For Bessie the cow’s birthday, Farmer John has given her free reign over one of his best fields to eat grass.
The field is covered in n patches of grass, conveniently numbered 1..n, that each have a distinct quality value. If Bessie eats grass of quality q, she gains q units of energy. Each patch is connected to up to 10 neighboring patches via bi-directional paths, and it takes Bessie e units of energy to move between adjacent patches. Bessie can choose to start grazing in any patch she wishes, and she wants to stop grazing once she has accumulated a maximum amount of energy.
Unfortunately, Bessie is a picky bovine, and once she eats grass of a certain quality, she’ll never eat grass at or below that quality level again! She is still happy to walk through patches without eating their grass; in fact, she might find it beneficial to walk through a patch of high-quality grass without eating it, only to return later for a tasty snack.
Please help determine the maximum amount of energy Bessie can accumulate.

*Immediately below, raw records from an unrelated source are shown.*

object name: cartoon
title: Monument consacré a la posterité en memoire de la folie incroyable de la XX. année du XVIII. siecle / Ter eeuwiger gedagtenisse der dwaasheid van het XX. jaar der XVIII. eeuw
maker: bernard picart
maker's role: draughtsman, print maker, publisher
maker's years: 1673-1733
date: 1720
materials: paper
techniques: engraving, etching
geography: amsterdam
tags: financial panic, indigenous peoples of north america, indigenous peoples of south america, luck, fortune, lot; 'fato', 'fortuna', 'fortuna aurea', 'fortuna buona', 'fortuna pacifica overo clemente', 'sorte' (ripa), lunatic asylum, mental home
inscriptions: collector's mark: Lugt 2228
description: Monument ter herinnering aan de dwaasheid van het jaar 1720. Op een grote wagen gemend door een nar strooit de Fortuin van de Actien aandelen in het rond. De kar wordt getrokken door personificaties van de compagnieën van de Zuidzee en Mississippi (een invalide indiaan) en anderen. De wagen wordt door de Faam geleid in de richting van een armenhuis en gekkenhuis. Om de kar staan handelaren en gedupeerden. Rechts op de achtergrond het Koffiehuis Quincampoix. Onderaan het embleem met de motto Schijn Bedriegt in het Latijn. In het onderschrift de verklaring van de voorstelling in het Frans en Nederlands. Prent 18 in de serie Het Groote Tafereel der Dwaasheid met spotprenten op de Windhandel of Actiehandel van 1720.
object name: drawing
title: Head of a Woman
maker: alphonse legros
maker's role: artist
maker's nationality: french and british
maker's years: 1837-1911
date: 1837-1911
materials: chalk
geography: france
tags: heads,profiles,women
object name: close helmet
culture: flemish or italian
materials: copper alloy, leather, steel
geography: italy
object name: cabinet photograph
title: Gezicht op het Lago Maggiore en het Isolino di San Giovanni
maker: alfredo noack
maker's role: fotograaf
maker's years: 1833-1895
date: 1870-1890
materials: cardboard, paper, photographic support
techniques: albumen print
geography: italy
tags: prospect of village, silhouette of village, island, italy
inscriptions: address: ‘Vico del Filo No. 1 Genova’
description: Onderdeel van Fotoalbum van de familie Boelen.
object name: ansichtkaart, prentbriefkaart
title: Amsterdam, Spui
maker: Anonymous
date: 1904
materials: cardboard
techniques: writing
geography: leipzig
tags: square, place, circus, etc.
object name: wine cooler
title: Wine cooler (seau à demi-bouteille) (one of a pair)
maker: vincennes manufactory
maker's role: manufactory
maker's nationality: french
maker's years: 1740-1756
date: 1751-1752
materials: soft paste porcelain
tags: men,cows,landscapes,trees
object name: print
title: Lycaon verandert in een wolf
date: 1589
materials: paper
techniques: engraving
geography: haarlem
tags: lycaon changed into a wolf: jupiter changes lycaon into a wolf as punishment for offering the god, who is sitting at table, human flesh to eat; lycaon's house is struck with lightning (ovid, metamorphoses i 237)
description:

The first line contains n (1 ≤ n ≤ 1000) and e (1 ≤ e ≤ 10^6
). Each of the remaining n lines describe a patch of grass. They contain two integers q and d giving the quality of the patch (in the range 1..10^6
) and its number of neighbors. The remaining d numbers on the line specify the neighbors.
Print the maximum amount of energy Bessie can accumulate.
Bessie starts at patch 4 gaining 5 units of energy from the grass there. She then takes the path to patch 5 losing 2 units of energy during her travel. She refuses to eat the lower quality grass at patch 5 and travels to patch 3 again losing 2 units of energy. Finally she eats the grass at patch 3 gaining 6 units of energy for a total of 7 energy.
Note tha the sample case above is different from test case 1 when you submit.